19. It is some thing witnessing all things with its far seeing
sight, it is the all at all times and places, it is full light in itself,
and sweeter far than the sweetest thing in the world. (Nothing
sweeter than one's self).
20. This is what I told you the second stage of yoga meditation,
attend now, O sage! that art true to your vows, and dost
well understand the process of yoga, to what I will relate to you
regarding its third stage.
[Pg 214]
21. This sight of intellect is without a name, because it
contains like the Divine Intellect all the thinkables (or objects
of thought) within its ample sphere, as the great ocean of the
world, grasps all parts of the globe within its spacious circumference.
It extends beyond the meaning of the word Brahmátma
or the ample spirit of the god Brahmá in its extension ad infinitum.
(It resembles the comprehensive mind of God).
22. It is by great enduring patience, that the soul attains
in course of a long time, this steady and unsullied state of its
perfection purushártha; and it is after passing this and the fourth
stage, that the soul reaches to its supreme and ultimate state of
felicity.
23. After passing the successive grades and until reaching
the ultimate state, one must practice his yoga in the manner of
Siva the greatest of the yogis; and then he will obtain in himself
the unremitting holy composure of the third stage.
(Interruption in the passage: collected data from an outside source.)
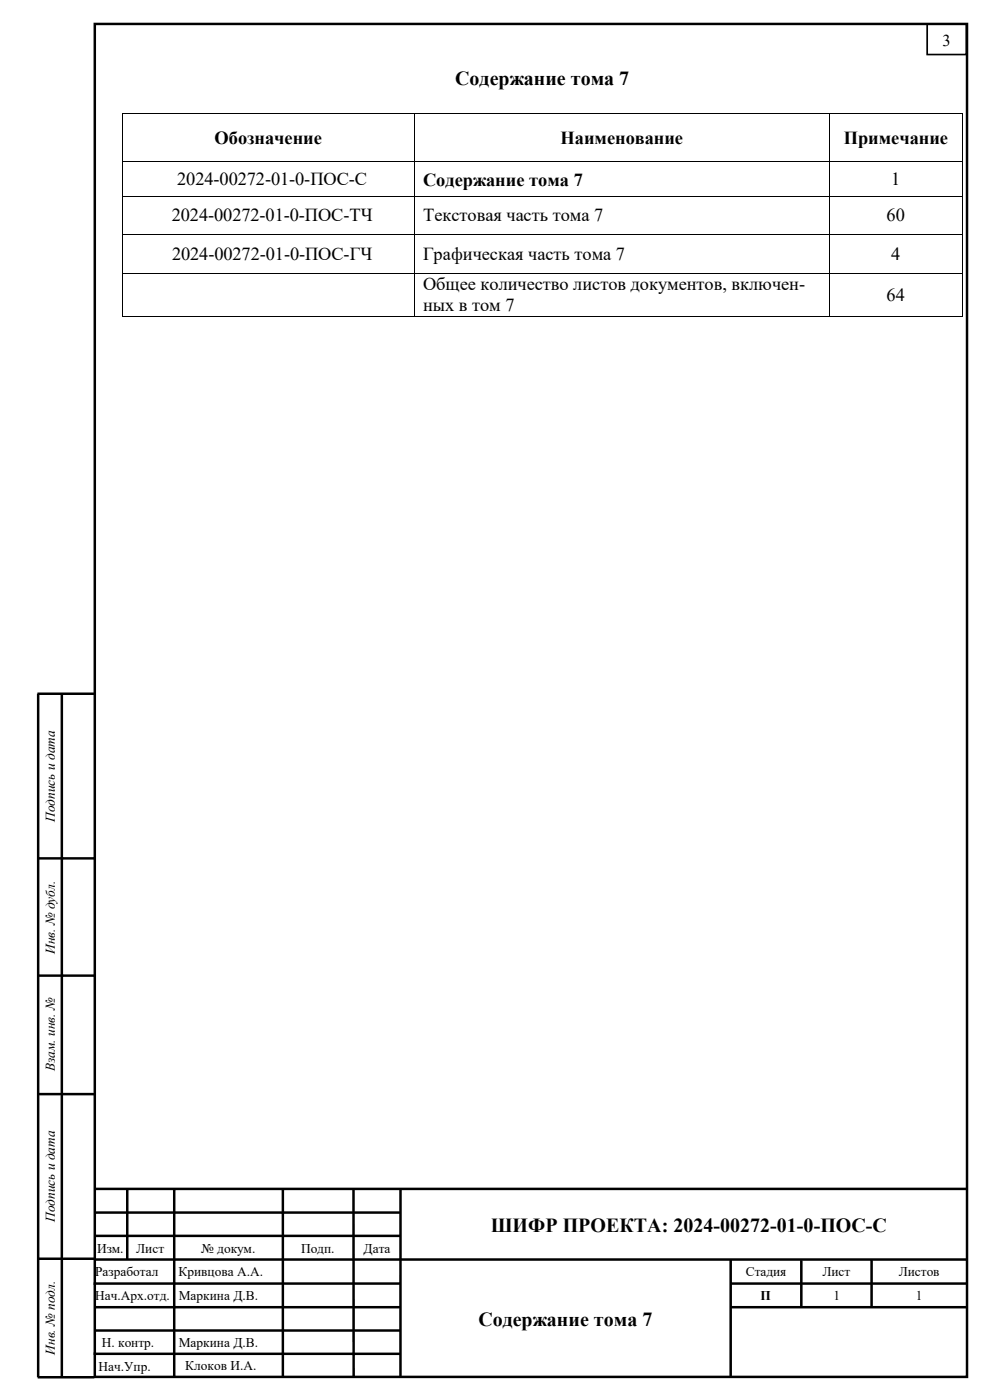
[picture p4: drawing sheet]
<svg xmlns="http://www.w3.org/2000/svg" width="210mm" height="297mm" viewBox="0 0 210 297" stroke-linecap="round" stroke-linejoin="round" font-family="sans-serif">
<defs><g id="words">
<g font-size="4.2">
<text x="96.6" y="18">Содержание тома 7</text>
<text x="104.1" y="261.4">ШИФР ПРОЕКТА: 2024-00272-01-0-ПОС-С</text>
<text x="101.5" y="281.3">Содержание тома 7</text>
</g>
<g font-size="3.9">
<text x="45.5" y="30.6">Обозначение</text>
<text x="118.9" y="30.6">Наименование</text>
<text x="179" y="30.6">Примечание</text>
<text x="37.6" y="39.3">2024-00272-01-0-ПОС-С</text>
<text x="89.7" y="39.4">Содержание тома 7</text>
<text x="189.1" y="39.3">1</text>
<text x="36.4" y="47">2024-00272-01-0-ПОС-ТЧ</text>
<text x="89.7" y="47">Текстовая часть тома 7</text>
<text x="188.1" y="47">60</text>
<text x="36.5" y="55.2">2024-00272-01-0-ПОС-ГЧ</text>
<text x="89.7" y="55.2">Графическая часть тома 7</text>
<text x="189.1" y="55.2">4</text>
<text x="89.7" y="61.6">Общее количество листов документов, включен-</text>
<text x="188.1" y="63.8">64</text>
<text x="89.7" y="66">ных в том 7</text>
</g>
<text font-size="3.5" x="199.9" y="9.7">3</text>
<g font-size="2.8">
<text x="11.6" y="174.4" transform="rotate(-90 11.6 174.4)">Подпись и дата</text>
<text x="11.6" y="202.4" transform="rotate(-90 11.6 202.4)">Инв. № дубл.</text>
<text x="11.6" y="227.2" transform="rotate(-90 11.6 227.2)">Взам. инв. №</text>
<text x="11.6" y="259.2" transform="rotate(-90 11.6 259.2)">Подпись и дата</text>
<text x="20.6" y="265.8">Изм.</text>
<text x="28.9" y="265.8">Лист</text>
<text x="42.7" y="265.8">№ докум.</text>
<text x="63.9" y="265.8">Подп.</text>
<text x="77.1" y="265.8">Дата</text>
<text x="20.2" y="275.8">Нач.Арх.отд.</text>
<text x="20.2" y="270.8">Разработал</text>
<text x="37.9" y="270.8">Кривцова А.А.</text>
<text x="37.9" y="275.8">Маркина Д.В.</text>
<text x="158.2" y="270.8">Стадия</text>
<text x="161.3" y="275.8">П</text>
<text x="174.5" y="270.8">Лист</text>
<text x="176.8" y="275.8">1</text>
<text x="190.7" y="270.8">Листов</text>
<text x="194.3" y="275.8">1</text>
<text x="11.6" y="287.4" transform="rotate(-90 11.6 287.4)">Инв. № подл.</text>
<text x="21.6" y="285.8">Н. контр.</text>
<text x="37.9" y="285.8">Маркина Д.В.</text>
<text x="20.9" y="290.9">Нач.Упр.</text>
<text x="39.3" y="290.6">Клоков И.А.</text>
</g>
</g></defs>
<path d="M196.7 5.1h8.3v6.5h-8.3z" fill="none" stroke="#000" stroke-width=".35"/>
<g fill="none" stroke="#000" stroke-width=".53">
<path d="M20.1 5.1h185v287h-185zM7.9 147.2h12M8.1 147.2v145M13.1 147.2v144.9M8.1 182.1h12M8.1 207h12M8.1 232.1h12M20 252.2h185M20 257.2h65M27 252.2v15.1M37 252.2v40M60 252.2v40"/>
<path d="M75 252.2v40M85 252.2v40.1M8.1 267h12M19.8 272.3h65.1M20 262.2h65M20 267.2h185M20 277.3h65M155 272.3h50M155 277.3h50M155 267.2v25.1M170 267.4v9.9M184.9 267.2v10.1"/>
<path d="M8 292.2h12M19.8 287.2h65.1M20 282.3h65"/>
</g>
<g fill="#000">
<path d="M25.9 24.1h.1v.2h-.1zM25.9 34.2h.1v.2h-.1zM87.8 24.1h.2v.2h-.2zM87.8 34.2h.2v.2h-.2zM175.9 24.1h.2v.2h-.2zM175.9 34.2h.2v.2h-.2zM204 24.1h.2v.2h-.2zM204 34.2h.2v.2h-.2zM25.9 41.5h.1v.2h-.1zM25.9 49.7h.1v.2h-.1zM25.9 57.9h.1v.2h-.1zM87.8 41.5h.2v.2h-.2z"/>
<path d="M87.8 49.7h.2v.2h-.2zM87.8 57.9h.2v.2h-.2zM175.9 41.5h.2v.2h-.2zM175.9 49.7h.2v.2h-.2zM175.9 57.9h.2v.2h-.2zM204 41.5h.2v.2h-.2zM204 49.7h.2v.2h-.2zM204 57.9h.2v.2h-.2zM25.9 67h.1v.2h-.1zM87.8 67h.2v.2h-.2zM175.9 67h.2v.2h-.2zM204 67h.2v.2h-.2z"/>
</g>
<g fill="none" stroke="#000" stroke-width=".21">
<path d="M26 24.3v9.9M26 34.4v7.1M26 24.2h61.8M26 34.3h61.8M87.9 24.3v9.9M87.9 34.4v7.1M88 24.2h87.9M88 34.3h87.9M176 24.3v9.9M176 34.4v7.1M176.1 24.2h27.9M176.1 34.3h27.9"/>
<path d="M204.1 24.3v9.9M204.1 34.4v7.1M26 41.7v8M26 49.9v8M26 58.1v8.9M26 41.6h61.8M26 49.8h61.8M26 58h61.8M87.9 41.7v8M87.9 49.9v8M87.9 58.1v8.9M88 41.6h87.9"/>
<path d="M88 49.8h87.9M88 58h87.9M176 41.7v8M176 49.9v8M176 58.1v8.9M176.1 41.6h27.9M176.1 49.8h27.9M176.1 58h27.9M204.1 41.7v8M204.1 49.9v8M204.1 58.1v8.9M26 67.1h61.8"/>
<path d="M88 67.1h87.9M176.1 67.1h27.9"/>
</g>
<use href="#words"/>
</svg>

24. By long continuance in this course, the pilgrim is led
to a great distance, which transcends all my description, but
may be felt by the holy devotee who advances in his course.
25. I have told you already of the state, which is beyond
these three stages; and do you, O divine sage! ever remain in
that state, if you wish to arrive to the state of the eternal God.
26. This world which seems as material, will appear to be infused
with the spirit of God when it is viewed in its spiritual
light, but upon right observation of it, it is neither the one nor
the other (but a reflexion of divine mind).
27. This what neither springs into being nor ceases to exist;
but is ever calm and quiet and of one uniform lustre, and swells
and extends as the embryo in the womb. (The embryo is to be
understood in a spiritual sense from God's conception of the
world in his mind).
28. The undualistic unity of God, his motionlessness and
the solidity of his intelligence, together with the unchangeableness
of his nature, prove the eternity of the world, although
appearing as instantaneous and evanescent. (The solid intelligence
is shown in the instances of solidified water in ice and
snow, and in the froth and salt of sea water).
[Pg 215]
29. The solidity of the intellect produces the worlds in the
same manner as the congealed water causes the hail-stones, and
there is no difference between the existent and nonexistent,
since all things are ever existent in the divine mind. (Though
appearing now and then to me or you as something new).
30. All is good (siva or solus) and quiet, and perfect beyond
the power of description; the syllable om is the symbol of the
whole, and its components compose the four stages for our salvation.
(All is good. And God pronounced all was good. See the
quadruple stages comprised in the letter om, in our introduction
to the first volume of this work).
[Pg 216]
CHAPTER XXXV.
Adoration of the great God Mahá-deva.
Argument.—Of Mahádeva, the father of Brahmá, Vishnu and Siva and
the manner of his worship.
VASISHTHA said:—Then Hara, who is the lake of the lotus
of Gaurí (i.e. her husband), being desirous of my enlightenment,
glanced on me for a minute, and gave utterance to his
lecture.
2. His eyes flashed with light under his heavenly forehead,
and were as two caskets of his understanding, which scattered
its rays about us. (The eyes are the indexes of men's understanding
in Physiognomy).
3. The god said:—O sage, call your thoughts home, and
employ them soon to think of your own essence; and to bring
about your ends, as the breezes of heaven convey the fragrance
to the nostrils. (The mind is usually compared in its fleetness
with the winds, and therefore the task of the breezes is imposed
upon the thoughts, which are as vagaries unless they answer
one's purposes).
4. When the object long sought for is got in one's possession,
what else is there for one to desire any more. I who have
known and come to the truth, have nothing to expect as desirable
nor any thing to reject as despicable. (When one is possest of
his sole object, he is indifferent about all others, whether they
be good or bad).
5. When you have got your mastery over yourself, both in
the states of your peace and disquiet; you should apply yourself
to the investigation of yourself or soul, without attending to any
thing besides. (Nothing better than self-culture, and the advancement
and salvation of one's own soul).
6. You may at first depend on your observations of the phenomenal,
(as preparatory to your knowledge of the noumenal),[Pg 217]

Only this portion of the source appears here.